Input records below:
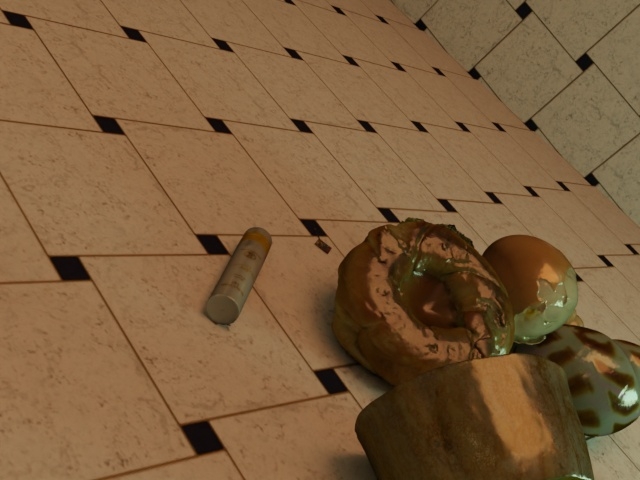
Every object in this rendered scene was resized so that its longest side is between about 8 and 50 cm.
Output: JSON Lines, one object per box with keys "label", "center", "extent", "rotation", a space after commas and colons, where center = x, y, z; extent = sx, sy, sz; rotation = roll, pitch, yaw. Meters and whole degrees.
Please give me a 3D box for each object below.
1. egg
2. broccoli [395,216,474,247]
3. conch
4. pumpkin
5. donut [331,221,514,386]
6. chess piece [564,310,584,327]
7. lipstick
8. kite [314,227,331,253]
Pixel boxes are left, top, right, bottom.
{"label": "egg", "center": [0.412, 0.090, 1.821], "extent": [0.201, 0.201, 0.244], "rotation": [20, 27, -31]}
{"label": "broccoli", "center": [0.245, 0.057, 1.908], "extent": [0.176, 0.197, 0.226], "rotation": [7, -14, 23]}
{"label": "conch", "center": [0.570, 0.281, 1.878], "extent": [0.368, 0.197, 0.249], "rotation": [2, 66, -33]}
{"label": "pumpkin", "center": [0.228, 0.327, 1.317], "extent": [0.332, 0.332, 0.199], "rotation": [19, 44, -32]}
{"label": "donut", "center": [0.194, 0.132, 1.664], "extent": [0.361, 0.170, 0.360], "rotation": [14, 54, -20]}
{"label": "chess piece", "center": [0.607, 0.294, 2.048], "extent": [0.301, 0.137, 0.137], "rotation": [51, 28, 4]}
{"label": "lipstick", "center": [-0.137, 0.056, 1.559], "extent": [0.059, 0.059, 0.264], "rotation": [34, 26, -8]}
{"label": "kite", "center": [0.005, 0.003, 1.884], "extent": [0.044, 0.002, 0.078], "rotation": [28, 28, -18]}
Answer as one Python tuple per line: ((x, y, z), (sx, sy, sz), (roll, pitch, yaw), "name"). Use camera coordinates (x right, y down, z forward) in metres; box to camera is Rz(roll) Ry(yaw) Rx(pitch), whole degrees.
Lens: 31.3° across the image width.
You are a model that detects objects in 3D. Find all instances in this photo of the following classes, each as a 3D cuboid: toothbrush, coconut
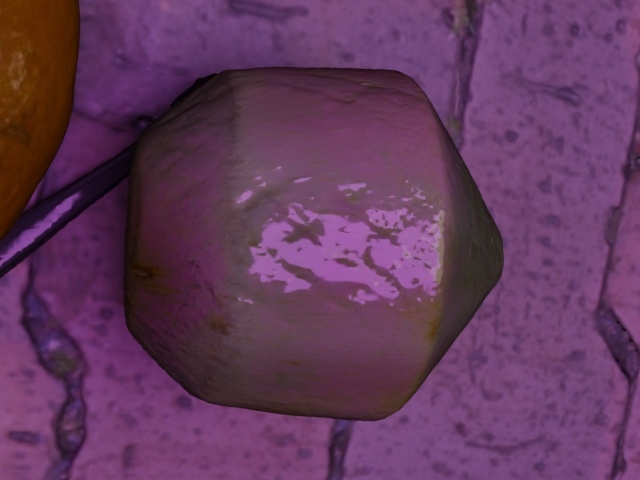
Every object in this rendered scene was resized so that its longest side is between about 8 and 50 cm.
((-0.172, -0.010, 0.695), (0.297, 0.030, 0.030), (-38, 87, -13), "toothbrush")
((0.000, 0.000, 0.681), (0.235, 0.204, 0.236), (1, 85, -13), "coconut")

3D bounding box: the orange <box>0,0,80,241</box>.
((-0.249, -0.095, 0.525), (0.279, 0.235, 0.279), (-26, 126, -42), "orange")
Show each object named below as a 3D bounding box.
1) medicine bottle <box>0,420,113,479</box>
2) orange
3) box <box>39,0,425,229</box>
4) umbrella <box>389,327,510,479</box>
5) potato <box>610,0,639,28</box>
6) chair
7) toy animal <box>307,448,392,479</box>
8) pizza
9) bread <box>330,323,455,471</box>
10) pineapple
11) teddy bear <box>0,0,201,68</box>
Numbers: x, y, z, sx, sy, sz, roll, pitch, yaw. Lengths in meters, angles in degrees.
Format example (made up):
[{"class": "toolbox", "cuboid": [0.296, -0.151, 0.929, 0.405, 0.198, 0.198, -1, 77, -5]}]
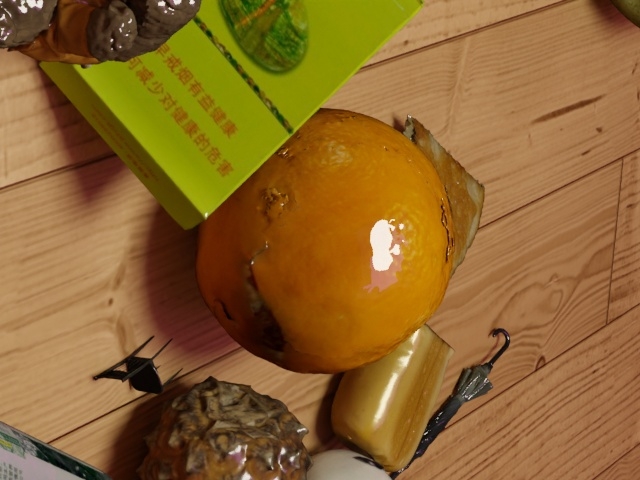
End of Input records.
Copy every line from the data that includes the string "pitch".

Output: JSON Lines, one object per box with keys "label", "center", "extent", "rotation", a space after commas and colons, where center = x, y, z; extent = sx, sy, sz; rotation = roll, pitch, yaw. Meters and whole degrees.
Answer as one Python tuple per line: ((x, y, z), (sx, sy, sz), (roll, pitch, yaw), "name"). Use camera coordinates (x right, y down, z forward) in metres; box to camera is Rz(roll) Ry(yaw) Rx(pitch), whole degrees.
Numbers: x, y, z, sx, sy, sz, roll, pitch, yaw. Lengths in meters, angles in degrees.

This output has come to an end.